EXERCISE DIRECTIONS =>
Beginning at the line containing "And now the book", print every line until the records end, keeping each exactly as it is.

---*---

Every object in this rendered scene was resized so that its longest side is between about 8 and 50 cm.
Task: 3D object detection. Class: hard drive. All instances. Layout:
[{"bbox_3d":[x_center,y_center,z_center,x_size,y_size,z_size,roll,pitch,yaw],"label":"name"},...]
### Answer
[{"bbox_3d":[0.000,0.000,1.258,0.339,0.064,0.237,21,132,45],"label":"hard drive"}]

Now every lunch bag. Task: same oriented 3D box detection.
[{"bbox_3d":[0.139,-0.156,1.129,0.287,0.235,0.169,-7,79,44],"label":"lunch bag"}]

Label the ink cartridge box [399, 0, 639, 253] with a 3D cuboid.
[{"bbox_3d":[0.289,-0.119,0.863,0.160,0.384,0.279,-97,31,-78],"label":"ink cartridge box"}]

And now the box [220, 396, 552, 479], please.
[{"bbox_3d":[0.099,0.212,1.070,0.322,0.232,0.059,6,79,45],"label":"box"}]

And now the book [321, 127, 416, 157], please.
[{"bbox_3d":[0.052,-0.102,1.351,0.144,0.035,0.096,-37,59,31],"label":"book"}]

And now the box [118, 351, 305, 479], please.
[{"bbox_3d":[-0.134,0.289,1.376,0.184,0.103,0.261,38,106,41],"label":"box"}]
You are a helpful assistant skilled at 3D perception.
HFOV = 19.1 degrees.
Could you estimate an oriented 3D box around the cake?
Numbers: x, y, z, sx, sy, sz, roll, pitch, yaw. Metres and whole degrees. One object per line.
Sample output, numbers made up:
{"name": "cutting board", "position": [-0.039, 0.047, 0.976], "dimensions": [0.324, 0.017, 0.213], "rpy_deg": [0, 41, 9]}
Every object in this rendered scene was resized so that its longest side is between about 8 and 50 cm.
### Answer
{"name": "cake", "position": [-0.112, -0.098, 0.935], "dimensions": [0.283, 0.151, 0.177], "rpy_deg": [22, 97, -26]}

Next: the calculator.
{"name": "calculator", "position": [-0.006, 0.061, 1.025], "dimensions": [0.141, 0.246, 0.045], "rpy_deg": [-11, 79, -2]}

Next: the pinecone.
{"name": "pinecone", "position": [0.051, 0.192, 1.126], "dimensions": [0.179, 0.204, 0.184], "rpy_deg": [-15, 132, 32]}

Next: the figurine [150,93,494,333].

---*---

TASK RESULT =>
And now the book [321, 127, 416, 157], please.
[{"bbox_3d":[0.052,-0.102,1.351,0.144,0.035,0.096,-37,59,31],"label":"book"}]

And now the box [118, 351, 305, 479], please.
[{"bbox_3d":[-0.134,0.289,1.376,0.184,0.103,0.261,38,106,41],"label":"box"}]
You are a helpful assistant skilled at 3D perception.
HFOV = 19.1 degrees.
Could you estimate an oriented 3D box around the cake?
Numbers: x, y, z, sx, sy, sz, roll, pitch, yaw. Metres and whole degrees. One object per line.
Sample output, numbers made up:
{"name": "cutting board", "position": [-0.039, 0.047, 0.976], "dimensions": [0.324, 0.017, 0.213], "rpy_deg": [0, 41, 9]}
Every object in this rendered scene was resized so that its longest side is between about 8 and 50 cm.
### Answer
{"name": "cake", "position": [-0.112, -0.098, 0.935], "dimensions": [0.283, 0.151, 0.177], "rpy_deg": [22, 97, -26]}

Next: the calculator.
{"name": "calculator", "position": [-0.006, 0.061, 1.025], "dimensions": [0.141, 0.246, 0.045], "rpy_deg": [-11, 79, -2]}

Next: the pinecone.
{"name": "pinecone", "position": [0.051, 0.192, 1.126], "dimensions": [0.179, 0.204, 0.184], "rpy_deg": [-15, 132, 32]}

Next: the figurine [150,93,494,333].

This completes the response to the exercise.